>>>

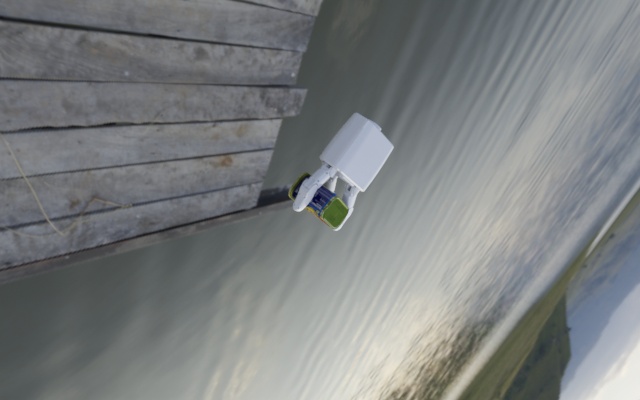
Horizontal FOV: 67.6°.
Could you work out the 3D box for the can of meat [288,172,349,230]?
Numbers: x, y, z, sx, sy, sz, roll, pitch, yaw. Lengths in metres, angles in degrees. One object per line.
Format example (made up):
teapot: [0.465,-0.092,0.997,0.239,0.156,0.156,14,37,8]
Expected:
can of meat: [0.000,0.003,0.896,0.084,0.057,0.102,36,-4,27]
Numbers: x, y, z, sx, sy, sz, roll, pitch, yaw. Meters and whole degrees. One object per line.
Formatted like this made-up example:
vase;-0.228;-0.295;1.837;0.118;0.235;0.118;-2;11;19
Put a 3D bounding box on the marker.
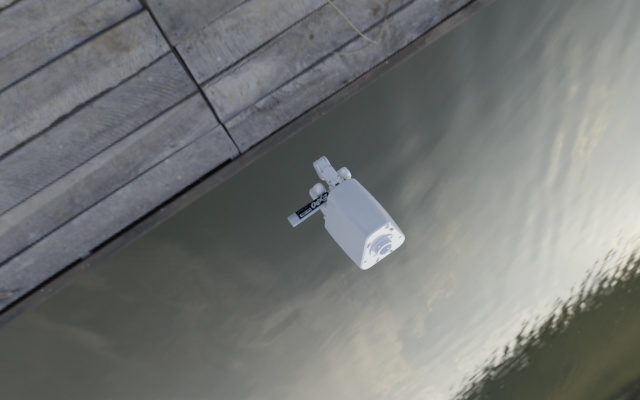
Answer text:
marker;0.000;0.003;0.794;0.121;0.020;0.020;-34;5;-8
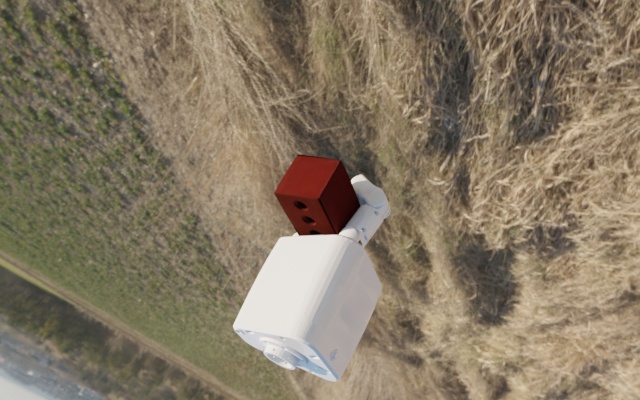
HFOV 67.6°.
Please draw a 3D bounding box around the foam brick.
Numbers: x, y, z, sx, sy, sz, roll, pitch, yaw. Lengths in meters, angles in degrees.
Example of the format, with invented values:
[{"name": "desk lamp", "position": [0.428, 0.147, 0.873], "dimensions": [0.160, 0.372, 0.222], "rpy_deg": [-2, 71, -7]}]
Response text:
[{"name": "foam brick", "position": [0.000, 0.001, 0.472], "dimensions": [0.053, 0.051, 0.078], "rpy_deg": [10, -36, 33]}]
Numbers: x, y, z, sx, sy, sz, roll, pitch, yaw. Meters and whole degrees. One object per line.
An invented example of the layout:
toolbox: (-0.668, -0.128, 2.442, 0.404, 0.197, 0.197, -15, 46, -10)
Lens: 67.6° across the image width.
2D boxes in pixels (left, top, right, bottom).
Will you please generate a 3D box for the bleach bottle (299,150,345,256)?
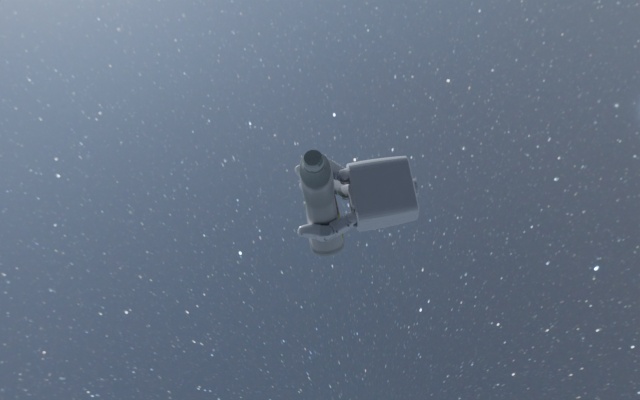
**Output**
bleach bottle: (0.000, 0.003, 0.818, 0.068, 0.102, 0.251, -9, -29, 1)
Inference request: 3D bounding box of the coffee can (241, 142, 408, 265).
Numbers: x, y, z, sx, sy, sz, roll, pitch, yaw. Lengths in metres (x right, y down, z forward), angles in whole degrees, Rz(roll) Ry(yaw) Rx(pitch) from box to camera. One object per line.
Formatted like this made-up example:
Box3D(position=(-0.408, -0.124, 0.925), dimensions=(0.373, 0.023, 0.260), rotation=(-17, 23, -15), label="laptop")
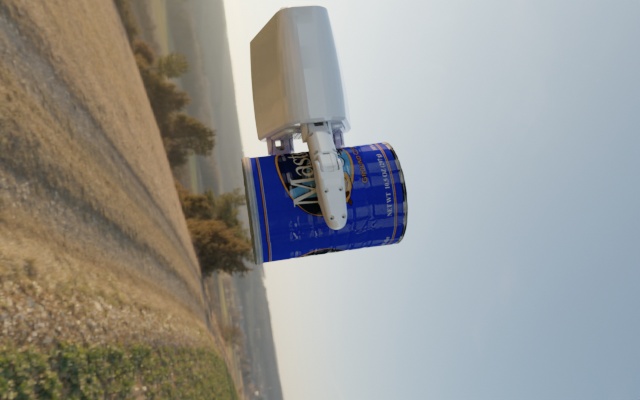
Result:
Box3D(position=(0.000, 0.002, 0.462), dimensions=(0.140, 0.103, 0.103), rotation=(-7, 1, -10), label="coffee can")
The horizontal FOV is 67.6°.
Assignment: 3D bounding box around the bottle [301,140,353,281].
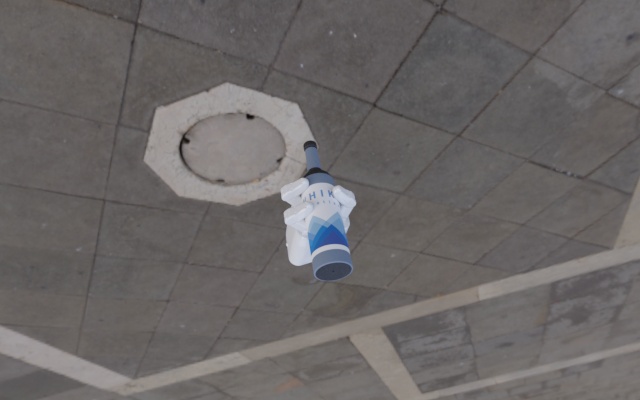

<<<
>>>

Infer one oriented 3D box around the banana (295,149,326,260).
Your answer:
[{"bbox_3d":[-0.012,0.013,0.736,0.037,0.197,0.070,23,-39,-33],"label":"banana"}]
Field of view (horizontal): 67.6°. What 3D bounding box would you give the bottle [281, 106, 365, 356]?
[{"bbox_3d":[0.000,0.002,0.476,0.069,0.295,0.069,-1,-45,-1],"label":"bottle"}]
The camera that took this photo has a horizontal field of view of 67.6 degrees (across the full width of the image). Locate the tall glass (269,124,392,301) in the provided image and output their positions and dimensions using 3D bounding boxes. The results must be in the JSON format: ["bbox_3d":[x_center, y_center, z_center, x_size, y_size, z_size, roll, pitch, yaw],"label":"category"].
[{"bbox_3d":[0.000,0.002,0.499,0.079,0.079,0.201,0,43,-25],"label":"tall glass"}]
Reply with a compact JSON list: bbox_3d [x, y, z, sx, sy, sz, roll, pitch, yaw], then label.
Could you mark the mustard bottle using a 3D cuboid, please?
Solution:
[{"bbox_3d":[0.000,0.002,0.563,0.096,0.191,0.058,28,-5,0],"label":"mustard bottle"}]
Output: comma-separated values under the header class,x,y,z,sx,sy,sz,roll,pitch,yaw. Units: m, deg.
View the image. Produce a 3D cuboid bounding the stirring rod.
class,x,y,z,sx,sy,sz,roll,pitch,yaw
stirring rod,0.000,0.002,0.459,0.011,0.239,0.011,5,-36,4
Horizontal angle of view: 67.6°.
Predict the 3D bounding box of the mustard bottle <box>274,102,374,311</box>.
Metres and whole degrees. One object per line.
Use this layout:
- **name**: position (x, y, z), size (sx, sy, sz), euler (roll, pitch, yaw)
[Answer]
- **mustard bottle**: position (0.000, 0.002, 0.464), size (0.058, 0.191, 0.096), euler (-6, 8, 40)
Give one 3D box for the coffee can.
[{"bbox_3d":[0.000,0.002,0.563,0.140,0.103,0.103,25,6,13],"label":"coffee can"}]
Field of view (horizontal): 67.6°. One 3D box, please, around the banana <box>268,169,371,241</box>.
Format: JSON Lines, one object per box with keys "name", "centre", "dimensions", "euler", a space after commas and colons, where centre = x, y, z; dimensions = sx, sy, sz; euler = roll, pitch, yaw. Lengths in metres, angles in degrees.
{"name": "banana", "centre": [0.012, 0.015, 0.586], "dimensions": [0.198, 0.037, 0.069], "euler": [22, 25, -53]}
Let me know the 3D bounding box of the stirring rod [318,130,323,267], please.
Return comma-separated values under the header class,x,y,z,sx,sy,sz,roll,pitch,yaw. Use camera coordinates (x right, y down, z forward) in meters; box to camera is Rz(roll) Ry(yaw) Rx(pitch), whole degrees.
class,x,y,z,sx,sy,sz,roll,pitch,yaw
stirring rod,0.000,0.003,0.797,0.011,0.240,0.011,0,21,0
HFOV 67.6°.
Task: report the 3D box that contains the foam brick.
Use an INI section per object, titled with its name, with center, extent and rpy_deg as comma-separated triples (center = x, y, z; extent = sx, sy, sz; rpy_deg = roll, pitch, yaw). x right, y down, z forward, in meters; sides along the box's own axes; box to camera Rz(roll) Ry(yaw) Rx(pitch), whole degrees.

<<<
>>>

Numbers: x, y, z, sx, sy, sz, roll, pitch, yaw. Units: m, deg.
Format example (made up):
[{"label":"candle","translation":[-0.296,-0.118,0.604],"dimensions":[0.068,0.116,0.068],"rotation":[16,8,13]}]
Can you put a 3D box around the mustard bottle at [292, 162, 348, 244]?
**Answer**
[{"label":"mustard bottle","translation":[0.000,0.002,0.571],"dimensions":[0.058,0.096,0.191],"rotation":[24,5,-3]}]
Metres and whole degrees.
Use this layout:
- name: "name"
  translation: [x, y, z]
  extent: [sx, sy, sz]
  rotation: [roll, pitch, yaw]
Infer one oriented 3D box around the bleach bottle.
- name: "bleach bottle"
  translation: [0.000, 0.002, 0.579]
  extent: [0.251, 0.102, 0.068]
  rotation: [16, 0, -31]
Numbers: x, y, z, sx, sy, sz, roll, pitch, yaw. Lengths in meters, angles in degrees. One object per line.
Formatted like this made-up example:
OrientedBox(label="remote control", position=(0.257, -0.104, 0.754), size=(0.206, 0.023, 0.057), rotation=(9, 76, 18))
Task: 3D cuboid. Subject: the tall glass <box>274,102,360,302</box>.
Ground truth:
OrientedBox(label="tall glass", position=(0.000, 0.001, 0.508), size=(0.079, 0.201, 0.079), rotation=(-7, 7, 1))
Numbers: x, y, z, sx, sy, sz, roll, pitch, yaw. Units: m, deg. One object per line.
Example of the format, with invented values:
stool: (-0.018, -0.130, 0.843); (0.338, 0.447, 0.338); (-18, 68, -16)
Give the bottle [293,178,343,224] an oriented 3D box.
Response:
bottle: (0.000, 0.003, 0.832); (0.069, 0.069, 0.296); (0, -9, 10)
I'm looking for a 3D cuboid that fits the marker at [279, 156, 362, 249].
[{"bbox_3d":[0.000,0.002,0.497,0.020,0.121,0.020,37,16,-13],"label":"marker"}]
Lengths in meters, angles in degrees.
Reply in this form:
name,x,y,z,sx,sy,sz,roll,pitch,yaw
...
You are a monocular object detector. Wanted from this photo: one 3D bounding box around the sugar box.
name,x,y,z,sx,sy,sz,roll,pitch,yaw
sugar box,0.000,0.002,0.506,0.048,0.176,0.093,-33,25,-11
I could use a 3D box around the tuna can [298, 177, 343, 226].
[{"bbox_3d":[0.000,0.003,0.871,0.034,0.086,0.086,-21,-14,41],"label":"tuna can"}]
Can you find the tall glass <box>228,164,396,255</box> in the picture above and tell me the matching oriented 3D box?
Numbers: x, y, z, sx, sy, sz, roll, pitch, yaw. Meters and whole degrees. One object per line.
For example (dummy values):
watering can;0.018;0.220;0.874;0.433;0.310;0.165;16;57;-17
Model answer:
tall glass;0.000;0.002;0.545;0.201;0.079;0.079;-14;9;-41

<<<

| What the task requires |
For the listing above, print only the lines starting at the line containing "Horizontal FOV: 67.6°." and ending at the line containing "vase;-0.228;-0.295;1.837;0.118;0.235;0.118;-2;11;19", exactly, both included.

| Answer space |
Horizontal FOV: 67.6°.
Could you work out the 3D box for the can of meat [288,172,349,230]?
Numbers: x, y, z, sx, sy, sz, roll, pitch, yaw. Lengths in metres, angles in degrees. One object per line.
Format example (made up):
teapot: [0.465,-0.092,0.997,0.239,0.156,0.156,14,37,8]
Expected:
can of meat: [0.000,0.003,0.896,0.084,0.057,0.102,36,-4,27]
Numbers: x, y, z, sx, sy, sz, roll, pitch, yaw. Meters and whole degrees. One object per line.
Formatted like this made-up example:
vase;-0.228;-0.295;1.837;0.118;0.235;0.118;-2;11;19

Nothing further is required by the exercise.